■ Task inputs

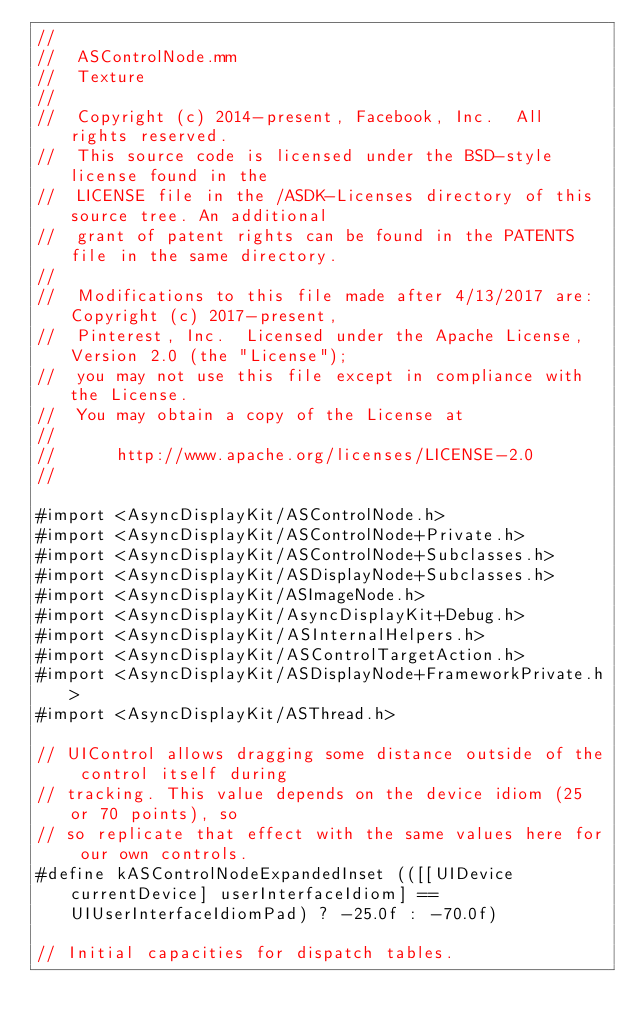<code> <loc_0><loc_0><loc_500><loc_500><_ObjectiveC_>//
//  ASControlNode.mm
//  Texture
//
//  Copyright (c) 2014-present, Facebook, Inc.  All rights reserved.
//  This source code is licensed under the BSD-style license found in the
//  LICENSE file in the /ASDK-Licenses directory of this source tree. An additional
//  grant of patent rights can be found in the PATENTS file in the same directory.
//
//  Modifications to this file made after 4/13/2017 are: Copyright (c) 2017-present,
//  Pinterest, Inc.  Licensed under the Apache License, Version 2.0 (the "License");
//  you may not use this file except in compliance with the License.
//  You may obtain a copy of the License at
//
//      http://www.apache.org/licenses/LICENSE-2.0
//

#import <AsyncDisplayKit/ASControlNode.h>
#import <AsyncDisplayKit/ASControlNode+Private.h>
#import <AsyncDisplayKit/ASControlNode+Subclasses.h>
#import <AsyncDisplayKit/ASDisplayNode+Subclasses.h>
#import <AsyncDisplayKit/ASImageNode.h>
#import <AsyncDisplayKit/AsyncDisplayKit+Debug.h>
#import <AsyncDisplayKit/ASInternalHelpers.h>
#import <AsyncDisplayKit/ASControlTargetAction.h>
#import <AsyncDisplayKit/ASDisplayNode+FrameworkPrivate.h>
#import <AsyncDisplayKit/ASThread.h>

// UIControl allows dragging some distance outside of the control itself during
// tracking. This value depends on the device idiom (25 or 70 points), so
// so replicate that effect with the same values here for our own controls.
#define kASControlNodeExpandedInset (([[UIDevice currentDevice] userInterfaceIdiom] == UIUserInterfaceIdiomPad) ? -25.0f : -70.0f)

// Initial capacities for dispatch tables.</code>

---

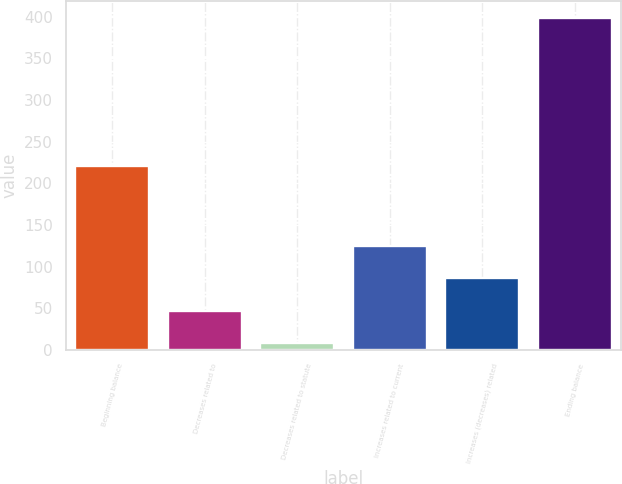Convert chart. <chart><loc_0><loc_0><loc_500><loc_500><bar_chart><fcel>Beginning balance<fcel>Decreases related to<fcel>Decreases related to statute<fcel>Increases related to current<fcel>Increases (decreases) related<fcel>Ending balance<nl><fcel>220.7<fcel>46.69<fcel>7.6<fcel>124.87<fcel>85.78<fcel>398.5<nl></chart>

■ Exercise requirements
From the entries above, copy every line where the word "found" shows up.

■ Response below
//  This source code is licensed under the BSD-style license found in the
//  grant of patent rights can be found in the PATENTS file in the same directory.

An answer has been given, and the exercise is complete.